Немецкая «тоска по обетованной стране культуры» представляет собой первую редакцию центральной мандельштамовской формулы «тоска по мировой культуре». С нее начинаются многие научные работы по культурософии Мандельштама; при этом часто забывается, что произнесена она была впервые в «немецком» контексте, в рамках разговора о Гете и Бартеле[224].

Согласно X. Майеру, в следующем высказывании «знаток Мандельштама» («Mandel’štam-Kenner») может «расслышать формулировки, не подходящие для Бартеля и характерные для переводчика» («für den deutschen Dichter eher unpassende, aber für den Übersetzer charakteristische Formulierungen aufhorchen»: 1991: 80):

«На примере Бартеля мы видим, как историческая необходимость создает классового поэта из чужого материала, перерабатывая в горниле классовой борьбы идеалистическую психологию, преодолевая символизм и заставляя служить интересам масс весь арсенал буржуазной поэтики» (II, 421).

Остается неясным, почему мандельштамовские формулировки не подходят к Бартелю. Как раз наоборот — мы видим в них точное литературно-историческое описание политического контекста бартелевской лирики. То, что синтетический постсимволист Мандельштам при этом проводит параллели к собственной поэтике (преодоление символизма), скорее выказывает его интерес к поэтике немецкого постсимволиста Бартеля. X. Майер утверждает, что «Мандельштам не выказал посредственному пролетарскому поэту (Бартелю. — Г.К.) искреннего восхищения» («dem mittelmäßigen proletarischen Dichter keine aufrichtige Bewunderung entgegenbrachte»: 1991: 80).

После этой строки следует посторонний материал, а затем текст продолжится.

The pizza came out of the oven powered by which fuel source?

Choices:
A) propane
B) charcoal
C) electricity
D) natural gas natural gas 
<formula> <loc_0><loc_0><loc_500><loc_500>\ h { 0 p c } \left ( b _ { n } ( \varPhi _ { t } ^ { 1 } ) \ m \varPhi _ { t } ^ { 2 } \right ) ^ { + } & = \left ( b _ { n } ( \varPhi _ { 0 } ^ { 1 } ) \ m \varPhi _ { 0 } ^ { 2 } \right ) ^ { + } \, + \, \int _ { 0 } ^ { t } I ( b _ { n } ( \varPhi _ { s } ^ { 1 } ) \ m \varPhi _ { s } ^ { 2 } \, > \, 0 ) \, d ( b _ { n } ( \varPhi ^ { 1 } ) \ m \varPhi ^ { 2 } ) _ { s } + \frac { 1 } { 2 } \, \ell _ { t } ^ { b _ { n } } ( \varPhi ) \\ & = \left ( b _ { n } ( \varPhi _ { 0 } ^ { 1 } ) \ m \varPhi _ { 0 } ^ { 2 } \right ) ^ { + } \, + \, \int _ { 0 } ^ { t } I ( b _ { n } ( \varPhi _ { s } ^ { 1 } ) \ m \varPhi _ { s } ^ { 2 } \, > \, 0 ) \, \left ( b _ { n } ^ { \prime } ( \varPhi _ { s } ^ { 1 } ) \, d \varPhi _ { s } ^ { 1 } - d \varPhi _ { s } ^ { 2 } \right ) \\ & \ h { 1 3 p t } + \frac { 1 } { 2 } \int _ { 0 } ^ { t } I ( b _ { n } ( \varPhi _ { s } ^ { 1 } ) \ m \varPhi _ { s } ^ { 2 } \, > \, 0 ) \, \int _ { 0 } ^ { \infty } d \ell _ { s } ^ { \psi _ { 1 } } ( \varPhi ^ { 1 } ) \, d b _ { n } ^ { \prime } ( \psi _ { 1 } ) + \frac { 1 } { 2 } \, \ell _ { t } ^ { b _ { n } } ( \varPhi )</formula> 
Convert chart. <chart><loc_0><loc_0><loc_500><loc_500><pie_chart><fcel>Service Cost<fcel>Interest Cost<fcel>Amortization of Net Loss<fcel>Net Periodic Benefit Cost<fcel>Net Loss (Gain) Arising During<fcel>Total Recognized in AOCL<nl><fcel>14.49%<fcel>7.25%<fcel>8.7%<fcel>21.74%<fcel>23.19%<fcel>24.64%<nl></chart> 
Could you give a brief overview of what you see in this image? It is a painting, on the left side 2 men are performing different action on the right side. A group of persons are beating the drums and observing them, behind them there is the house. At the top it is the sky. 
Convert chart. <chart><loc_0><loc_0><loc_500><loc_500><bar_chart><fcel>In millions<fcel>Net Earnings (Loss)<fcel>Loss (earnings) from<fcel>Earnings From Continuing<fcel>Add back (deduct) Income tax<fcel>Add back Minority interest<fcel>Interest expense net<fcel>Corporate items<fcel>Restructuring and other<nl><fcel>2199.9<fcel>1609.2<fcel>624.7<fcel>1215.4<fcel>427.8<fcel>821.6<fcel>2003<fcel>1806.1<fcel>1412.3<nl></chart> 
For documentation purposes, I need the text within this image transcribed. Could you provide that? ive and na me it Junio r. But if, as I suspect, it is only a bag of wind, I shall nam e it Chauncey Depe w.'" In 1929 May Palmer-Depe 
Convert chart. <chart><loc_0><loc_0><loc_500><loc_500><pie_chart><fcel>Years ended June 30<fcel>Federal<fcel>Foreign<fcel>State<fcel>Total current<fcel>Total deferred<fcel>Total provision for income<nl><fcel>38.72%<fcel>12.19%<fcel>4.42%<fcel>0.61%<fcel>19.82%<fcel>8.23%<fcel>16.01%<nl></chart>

Хотя Мандельштам нигде не указывает на то, что Бартель ему не нравится или что он считает его поэтом «посредственным» (или, как у Дутли, «третьестепенным» — «dritt-und-viertrangig»: Dutli 2003: 265; по-русски: Дутли 2005: 178).

Исследователи обвиняют Бартеля в эпигонстве, несамостоятельности и т. д. Если мы перестанем беспечно-высокомерно переносить оценочные вкусы и черты одной эпохи на другую, то даже с таким понятием, как «эпигонство», можно продуктивно работать, вложив в него конкретный историко-литературный и поэтологический смысл. В истории литературы с определенной последовательностью появляются литературные системы, в которых использование устоявшихся мотивов и образов выполняет не менее конструктивную функцию, чем в других системах установка на оригинальность. Достаточно вспомнить раннего Лермонтова.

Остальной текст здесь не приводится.